Nossa pele está repleta de fibras nervosas que nos fornecem informações sobre o meio ambiente. Algumas dessas fibras transmitem informações ao cérebro sobre as sensações de calor, frio e os perigos que estão presentes no ambiente ao nosso redor. No entanto, outras fibras nervosas registram os aspectos prazerosos do contato físico.

Essas fibras nervosas, aferentes táteis C, enviam sinais ao cérebro que nos ajudam a regular nosso humor. Quando seus entes queridos lhe dão um abraço, sua pele estimula um processo que reduz os níveis de cortisol e aumenta os hormônios da sensação de bem-estar em seu cérebro.

Como humanos, podemos não reconhecer a importância do toque, mas certamente sentimos sua ausência. Sem abraços de luto ou para reduzir os sentimentos de tristeza, não há lugar para baixar as emoções negativas que estamos vivenciando.

O velho ditado - um ombro para chorar - não é mais interpretado literalmente, mas esse ombro é um componente importante do conforto que precisamos de amigos e familiares. Ao interagir fisicamente com alguém, estamos enviando o sinal para nossos cérebros para liberar a válvula de pressão do estresse, para essencialmente redefinir nossos níveis de cortisol.

Relacionado: 5 passos que os rapazes podem dar para se amar

Maneiras de lidar com a privação de toque

Quando o distanciamento social nos força a negligenciar o contato físico, nossos corpos são colocados sob tensão para encontrar outras maneiras de nos fazer felizes. É por isso que tantas pessoas confiam no álcool, drogas e outras soluções fáceis para compensar a privação do toque.

o que acontece quando você tem um sonho com sua paixão

Pode haver um aumento nos próximos anos de terapeutas carinhosos e serviços de aluguel de carinho. Essas ocupações estranhas já existem para quem tem fome de pele, mas é quase certo que sua popularidade crescerá quando o toque platônico ficar muito mais seguro.

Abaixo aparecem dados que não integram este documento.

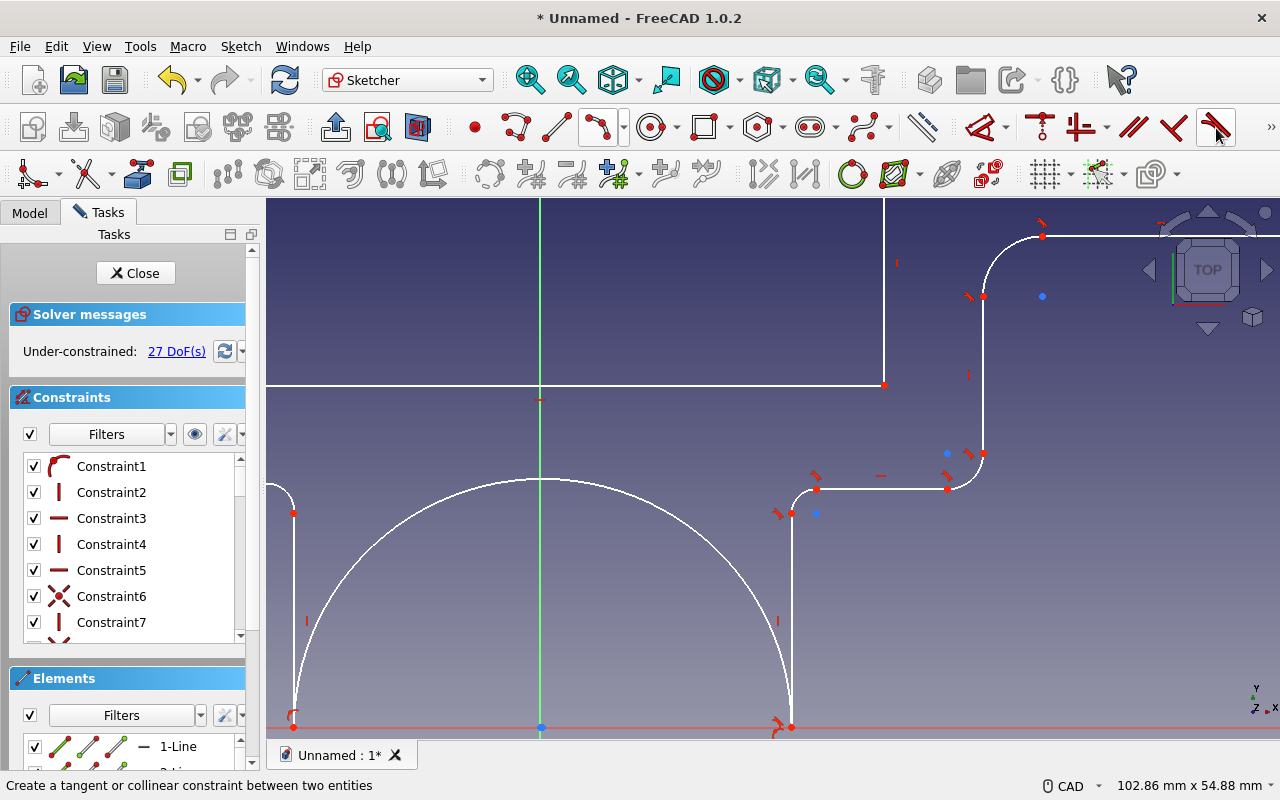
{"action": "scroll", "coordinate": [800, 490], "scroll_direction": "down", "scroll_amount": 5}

Relacionado: 7 dicas de saúde mental para lidar com paralisações

Uma das maneiras pelas quais as pessoas podem substituir o toque de nossos entes queridos é observando as pessoas se tocando. Isso pode soar um pouco estranho, mas por meio de um processo chamado toque vicário podemos testemunhar o toque e sentir as mesmas emoções. Assim como sentimos dor quando vemos alguém se machucando.

Em resposta a este anseio por contato humano, Jimmy Kimmel Live postou um vídeo estranho, mas satisfatório, em sua página do YouTube. É um vídeo de 10 horas de pessoas se tocando. Se você está perdendo o toque físico, talvez também goste de assistir.

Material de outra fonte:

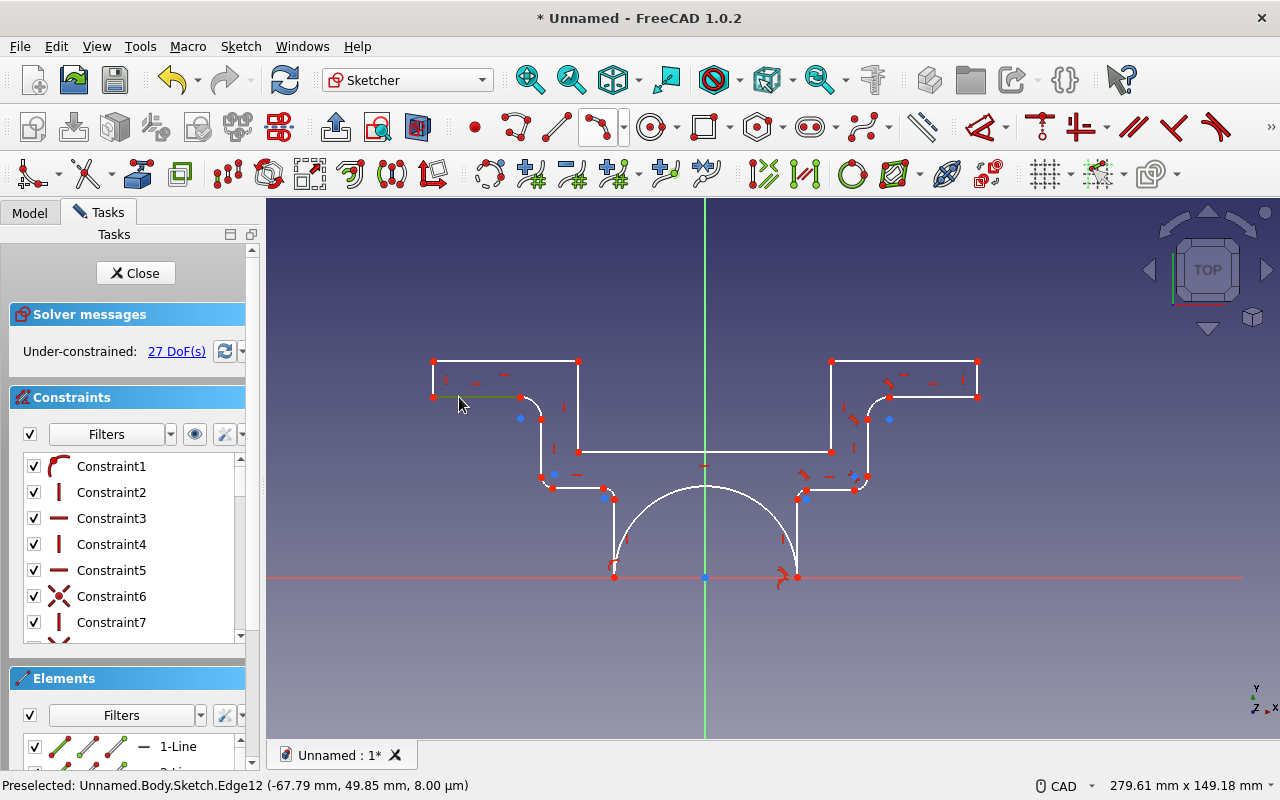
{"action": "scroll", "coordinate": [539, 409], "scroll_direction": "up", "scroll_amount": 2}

As pessoas também podem reforçar sua necessidade de toque físico tendo um animal de estimação. Ao acariciar ou acariciar um cão ou gato, você obtém uma sensação semelhante ao abraçar uma pessoa amada. Se você acha que pode se beneficiar de um animal de apoio, existem organizações como Registro de cães de serviço nos EUA que pode lhe dar mais informações sobre como fazer o par com um.

O toque ajuda as pessoas a lidar com situações de alto estresse e a pandemia de COVID-19 certamente colocou muito estresse nas pessoas. É iluminada uma necessidade que a maioria das pessoas esqueceu que era importante ou encontrou outras maneiras de compensar. Ainda assim, nosso sistema nervoso está trabalhando hora extra para processar todo o estresse da vida cotidiana, sem os mecanismos que foram programados em nosso DNA para nos ajudar a lidar com isso.

Os apegos físicos são essenciais para a nossa existência. Nosso sentido do tato não está apenas proporcionando sensações, mas quase age como uma emoção por si só. O toque é muito mais visceral do que a comunicação verbal. Sua ausência deixa um déficit difícil de substituir.

Ainda assim, você pode aumentar seu nível de contato visual e aprofundar seus laços com amigos e familiares. Verifique com as pessoas ao seu redor. Exercite gratidão e empatia sempre que puder. Tente não permitir que seus entes queridos ou você mesmo caiam em longos períodos de isolamento físico.

Haverá um próximo capítulo para a pandemia COVID-19. É importante ter certeza de que a privação de toque não se torne parte do novo normal.